Société

« Sans alliances politiques, personne ne peut être élu »

Article publié le 18 janvier 2007
Publié dans le magazine
Article publié le 18 janvier 2007
Le 16 janvier, Hans-Gert Pöttering, 62 ans, membre de la CDU, coalition conservatrice au pouvoir outre-Rhin, remplace Josep Borrell à la tête du Parlement européen.

Nikiforos Diamandouros, médiateur européen, nous en dit un peu plus sur le rôle du remplaçant de Josep Borrell à la présidence du Parlement de Strasbourg.

Pouvez-vous nous présenter Hans-Gert Pöttering ?

Pöttering est un Européen très engagé. Ses vingt-huit années d’expérience font de lui un vétéran de la politique européenne. Tout au long de son parcours, il a contribué à l'impuslion d'une identité européenne forte. Ainsi, lorsque l’ancien président de la Commission, Jacques Santer - nommé en 1995 – et son équipe ont démissionné en bloc le 15 mars 1999 suite à un scandale de corruption, c’est Poettering qui a sauvé la face, apportant son soutien au remplaçant de Santer, Romano Prodi [président de la Commission entre 1999-2004]. Il a vraiment contribué à faire avancer l’esprit européen, et ce depuis le début de sa carrière, en 1979.

Quel devrait être le premier acte de Pöttering en tant que président du Parlement, selon vous ?

Son plus grand défi est de trouver une manière pour faire avancer l’Union européenne alors qu’elle est passée de quinze à vingt-sept membres. Plus précisément, sa stratégie devra consolider les bases et renforcer les éléments positifs acquis lors des cinquante dernières années de l’Union.

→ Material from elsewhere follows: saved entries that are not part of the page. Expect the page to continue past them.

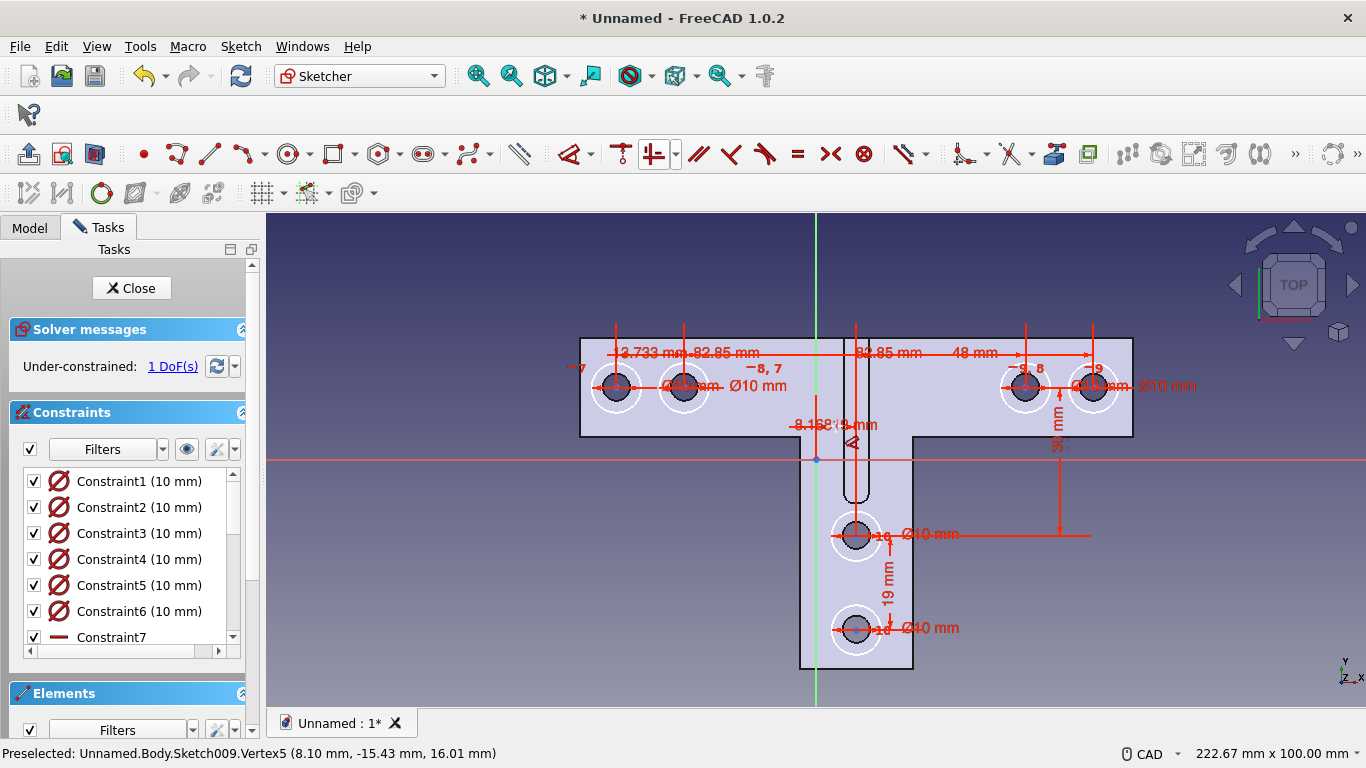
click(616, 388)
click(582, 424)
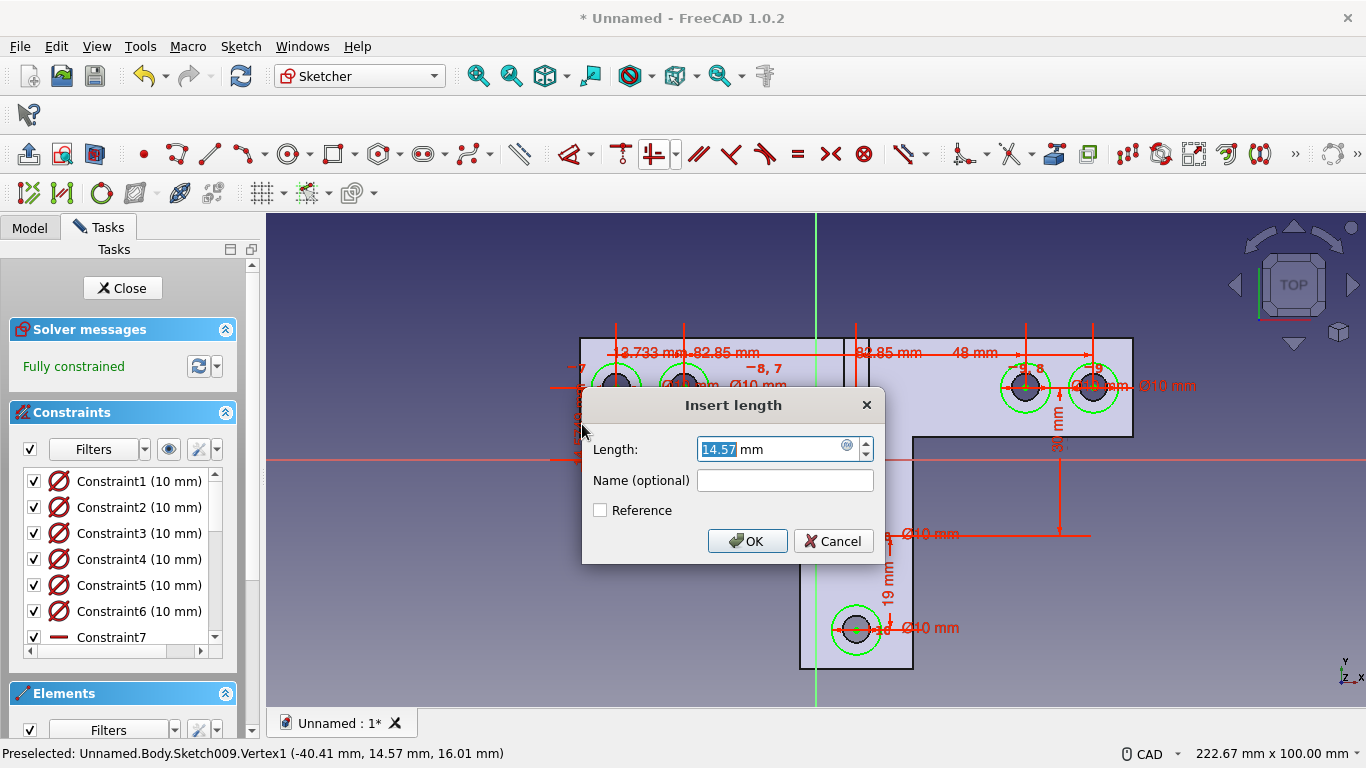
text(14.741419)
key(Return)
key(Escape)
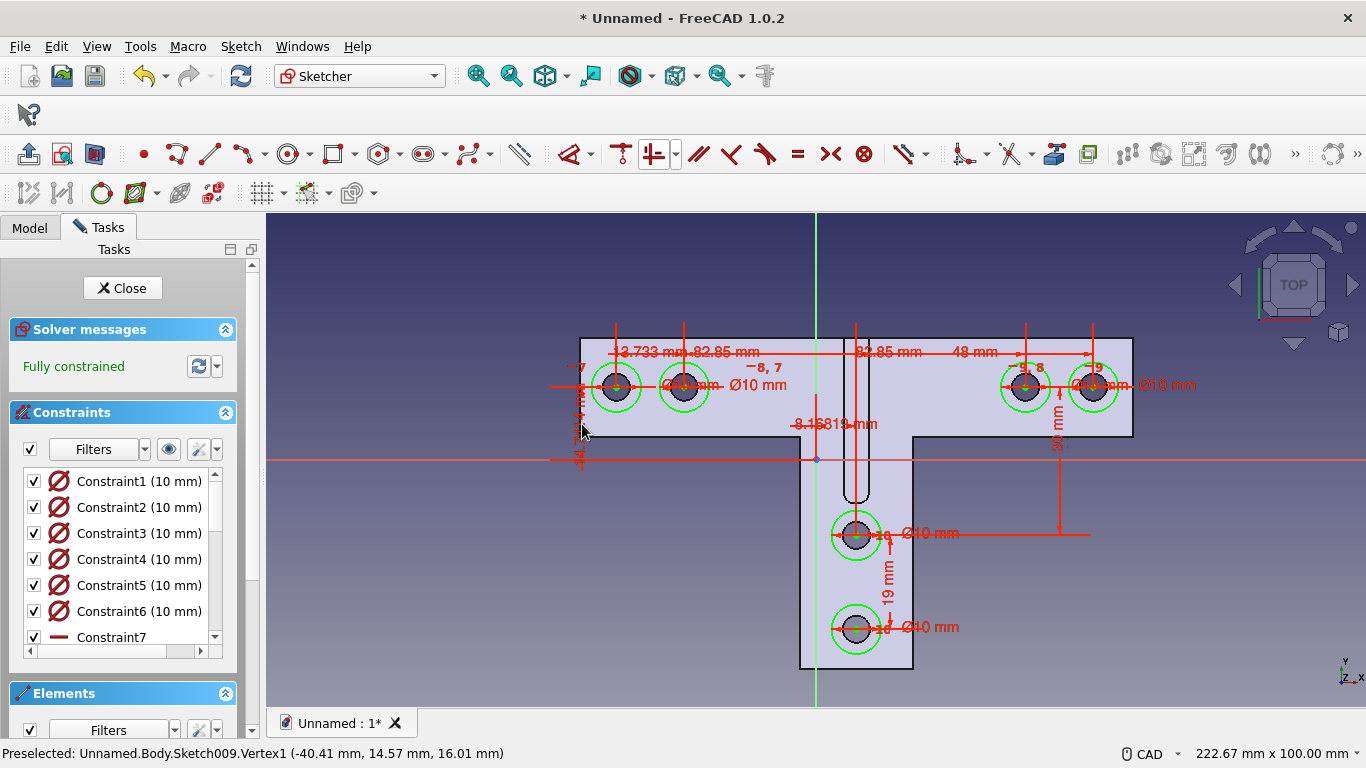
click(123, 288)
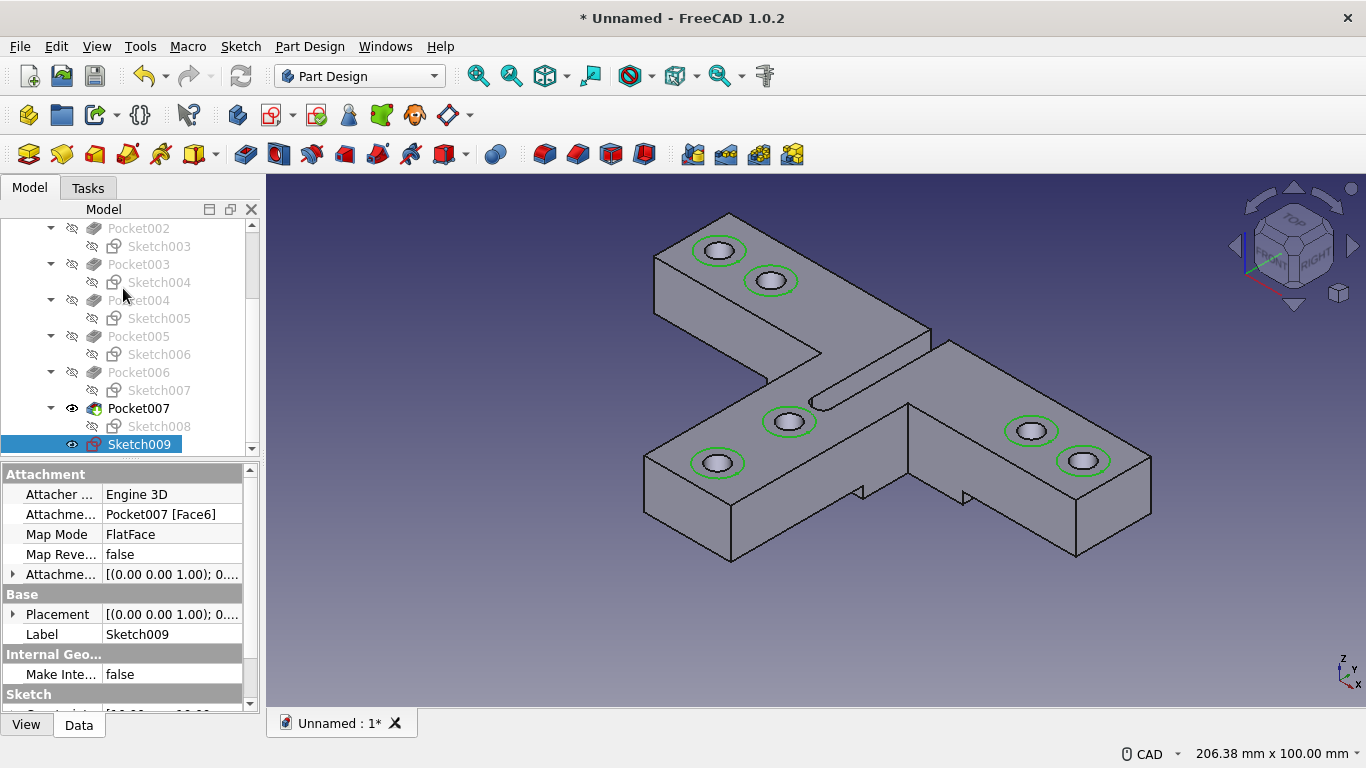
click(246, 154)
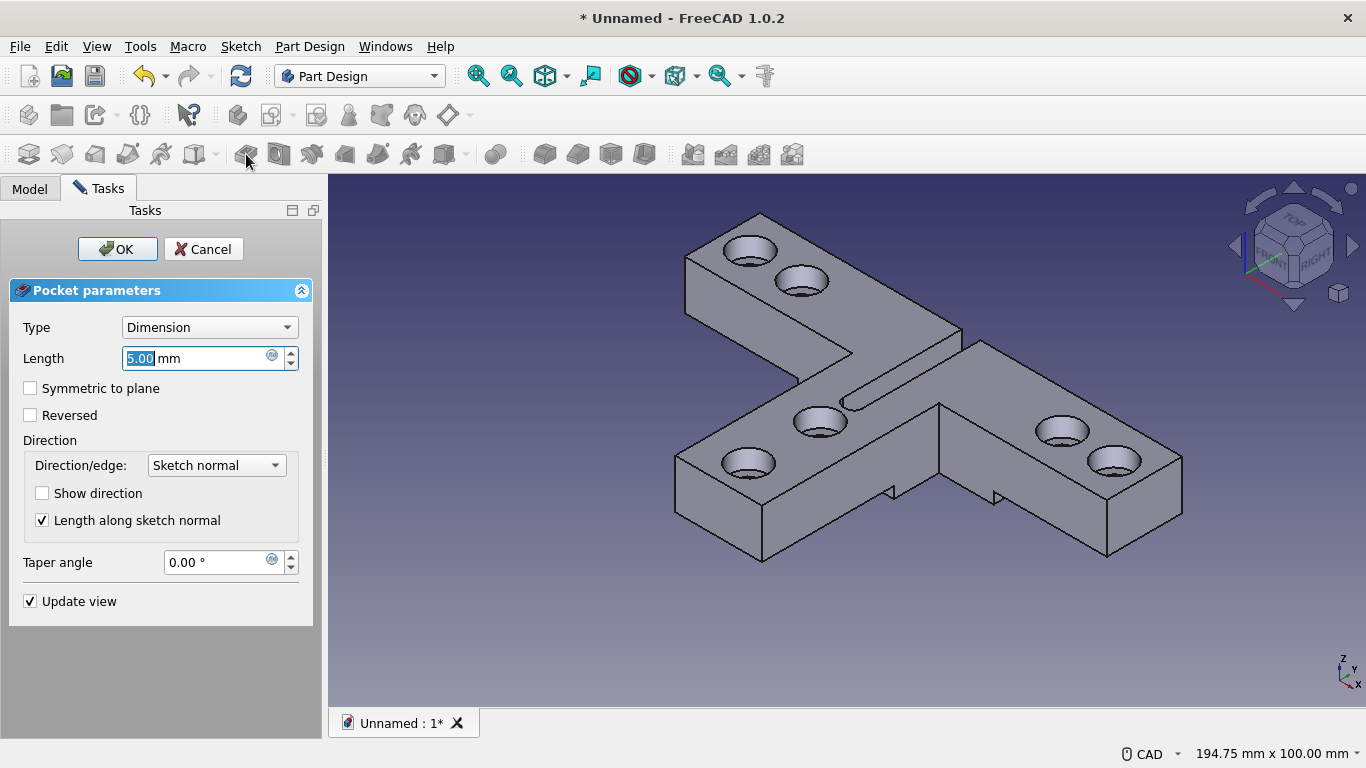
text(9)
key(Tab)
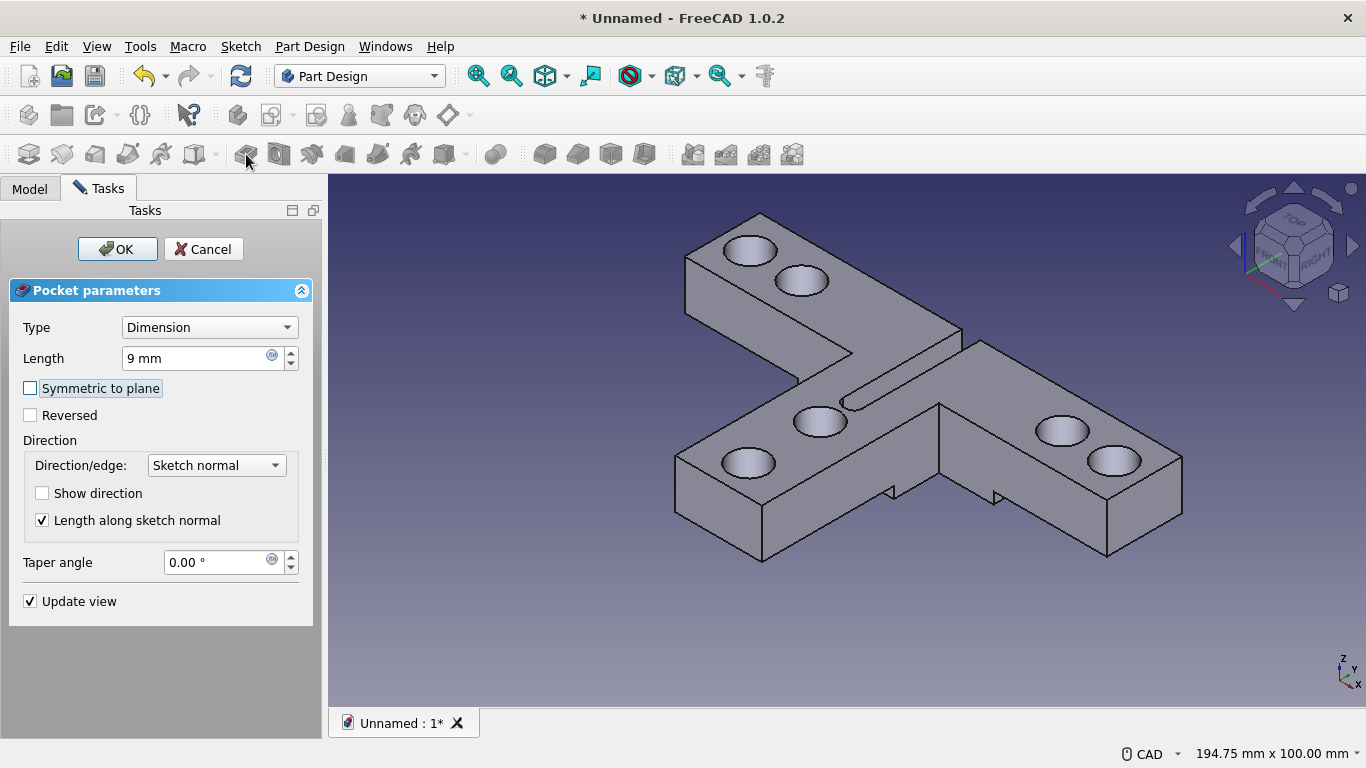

Que pensez-vous de sa position sur l’entrée de la Turquie dans l’Union européenne ?

Je n'ai pas encore évoqué avec lui le sujet de l'intégration d'Ankara. Mais Pöttering a été un fervent défenseur de la politique de l’élargissement en 2004 et montré une position favorable à l’entrée de Chypre dans l’Union.

Le président sortant, Joseph Borrell, a récemment affirmé qu’il aimerait qu’on se souvienne de lui pour avoir fait du Parlement bien plus qu'une tour de Babel. Partagez-vous cet avis ?

Borrell nous quitte avec, à son bilan, un Parlement représentant vingt-sept pays, sept groupes politiques et plus de cent partis nationaux. On doit mettre à son crédit l'instauration d’une législation constructive ainsi que des alliances efficaces. La personnalité d’un leader est aussi un élément très important.

Pöttering va prendre la tête du Parlement en raison d'une décision du parti conservateur de la CDU datant de 2004. Selon cet arrangement, le PPE [Parti populaire européen] et les socialistes s'étaient engagés à voter pour lui en échange du soutien à l'époque de son propre parti pour Borrell. Comment expliquez-vous ce procédé électoral ?

Tout dépend des alliances mises en place par les deux partis majoritaires. Borrell a exploité la configuration des partis en passant un arrangement avec le groupe des conservateurs mené par le PPE de Pöttering. Dans un Parlement composé de 785 membres, ne pas favoriser de telle alliances rend une élection impossible.

Est-ce que la présidence du Parlement donne un aperçu de la tendance politique des Etats membres sur un plan national ?

Non et c’est une avancée dans la construction européenne. Par exemple, l’Irlandais Pat Cox (2002-2004) venait d’une toute petite formation libérale mais soutenue par des partisans fidèles. Si la dynamique induite par les grands partis existe, les qualités personnelles du candidat sont tout aussi importantes.

Pöttering va-t-il remettre la question de la Constitution à l’ordre du jour ?

L’Europe que nous avons construite ne doit pas revenir en arrière. D'un point de vue historique, il n'est pas concevable d’abandonner la Constitution. Mais nous n’aurons une vision claire de la situation qu’une fois le résultat des élections présidentielles en France et les initiatives des six mois de la présidence allemande connus. Je ne doute pas que la question constitutionnelle soit une grande priorité, d'autant plus que Poettering et son parti appartiennent à la Chancellerie. Il est en tous cas nécessaire que le nouveau texte intègre les principes fondamentaux qui figuraient au début de la proposition rejetée.

Vous discutez tous les jours avec des citoyens européens. Comment envisagent-ils l’avenir ?

Il y a à la fois un sentiment de malaise et d’attente. Personne ne veut un retour en arrière dans l’avancée de l’Union. Malgré la création d’un poste de commissaire à la Communication, endossé par la Suédoise Margot Wallström, il y a toujours un problème de communication avec les citoyens, quelle que soit l'importance des enjeux.